Automatic question generation is an important technique that can improve the training of question answering, help chatbots to start or continue a conversation with humans, and provide assessment materials for educational purposes. Existing neural question generation models are not sufficient mainly due to their inability to properly model the process of how each word in the question is selected, i.e., whether repeating the given passage or being generated from a vocabulary.

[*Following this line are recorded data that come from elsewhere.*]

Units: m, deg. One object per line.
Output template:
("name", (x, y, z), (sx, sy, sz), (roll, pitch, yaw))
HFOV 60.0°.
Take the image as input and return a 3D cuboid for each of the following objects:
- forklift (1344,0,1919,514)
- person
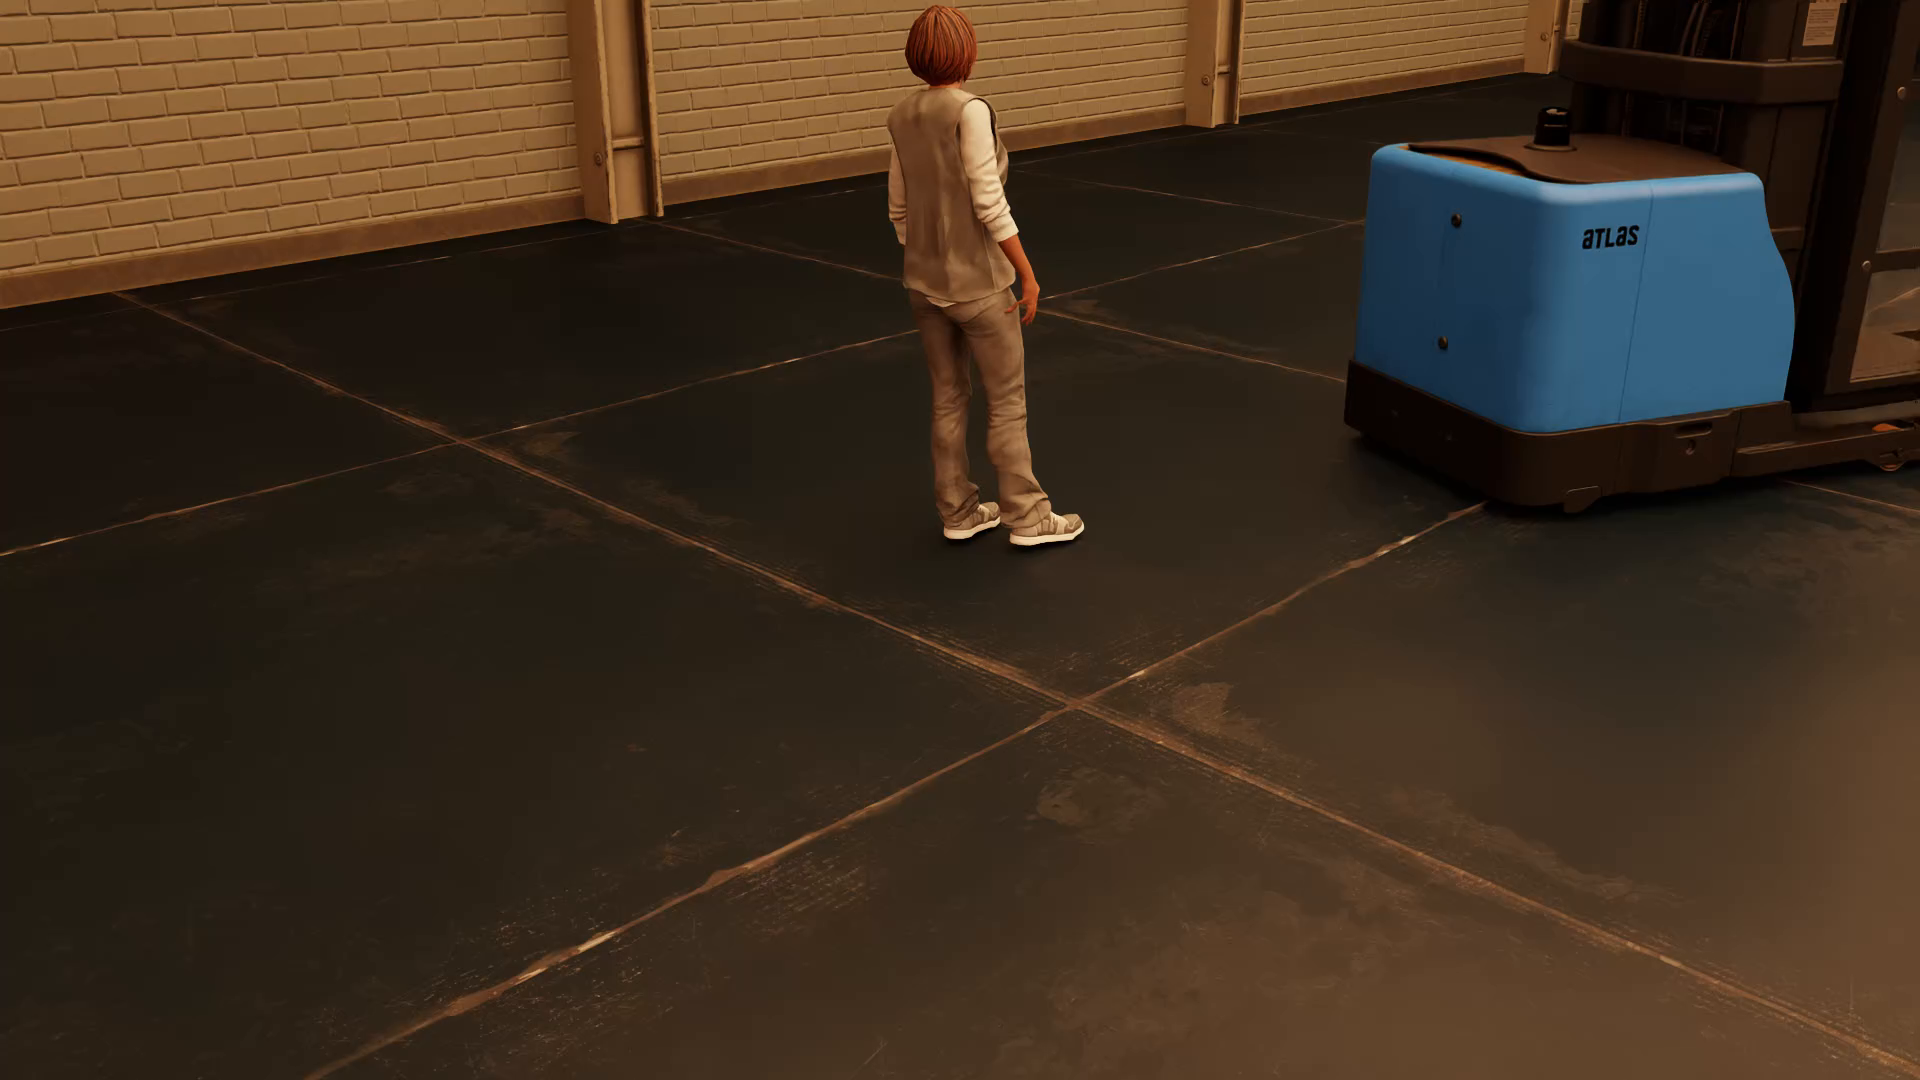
("forklift", (2.984, -1.774, 5.723), (3.031, 2.935, 1.130), (-8, 23, -20))
("person", (0.062, -0.765, 4.964), (0.520, 1.597, 0.475), (20, 29, 41))

In this paper, we propose our Clue Guided Copy Network for Question Generation (CGC-QG), which is a sequence-to-sequence generative model with copying mechanism, yet employing a variety of novel components and techniques to boost the performance of question generation. In CGC-QG, we design a multi-task labeling strategy to identify whether a question word should be copied from the input passage or be generated instead, guiding the model to learn the accurate boundaries between copying and generation. Furthermore, our input passage encoder takes as input, among a diverse range of other features, the prediction made by a clue word predictor, which helps identify whether each word in the input passage is a potential clue to be copied into the target question. The clue word predictor is designed based on a novel application of Graph Convolutional Networks onto a syntactic dependency tree representation of each passage, thus being able to predict clue words only based on their context in the passage and their relative positions to the answer in the tree. We jointly train the clue prediction as well as question generation with multi-task learning and a number of practical strategies to reduce the complexity. Extensive evaluations show that our model significantly improves the performance of question generation and out-performs all previous state-of-the-art neural question generation models by a substantial margin.